Sum of sum of all subsets of a set formed by first N natural numbers
Last Updated :
21 Sep, 2022
Given N, and ff(N) = f(1) + f(2) + …… + f(N), where f(k) is the sum of all subsets of a set formed by first k natural numbers.

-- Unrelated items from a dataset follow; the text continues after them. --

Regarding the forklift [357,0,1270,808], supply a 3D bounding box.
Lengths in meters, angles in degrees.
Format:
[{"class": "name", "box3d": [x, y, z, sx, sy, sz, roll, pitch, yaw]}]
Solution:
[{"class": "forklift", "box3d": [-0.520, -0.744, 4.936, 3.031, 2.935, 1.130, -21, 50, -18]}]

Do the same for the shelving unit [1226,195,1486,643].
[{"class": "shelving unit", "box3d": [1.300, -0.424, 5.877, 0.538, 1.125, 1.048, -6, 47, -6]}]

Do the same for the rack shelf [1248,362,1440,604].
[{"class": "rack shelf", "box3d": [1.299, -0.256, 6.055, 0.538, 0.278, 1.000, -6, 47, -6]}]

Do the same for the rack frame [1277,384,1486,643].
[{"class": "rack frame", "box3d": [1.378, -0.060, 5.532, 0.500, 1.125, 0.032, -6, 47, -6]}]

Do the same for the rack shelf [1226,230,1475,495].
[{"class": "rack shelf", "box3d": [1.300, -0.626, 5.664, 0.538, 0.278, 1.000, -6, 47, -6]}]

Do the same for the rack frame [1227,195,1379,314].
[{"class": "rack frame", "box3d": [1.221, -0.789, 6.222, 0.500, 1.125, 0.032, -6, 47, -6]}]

The task is to find ff(N) modulo 1000000007.
Examples:
Input: 2
Output: 7
f(1) + f(2)
f(1) = 1 = 1
f(2) = 1 + 2 + {1 + 2} = 6
Input: 3
Output: 31
f(1) + f(2) + f(3)
f(1) = 1 = 1
f(2) = 1 + 2 + {1 + 2} = 6
f(3) = 1 + 2 + 3 + {1 + 2} + {2 + 3} + {1 + 3} + {1 + 2 + 3} = 24
Approach: Find a pattern of the sequence that will form. The values of f(1), f(2), f(3) are 1, 6 and 31 respectively. Let’s find f(4).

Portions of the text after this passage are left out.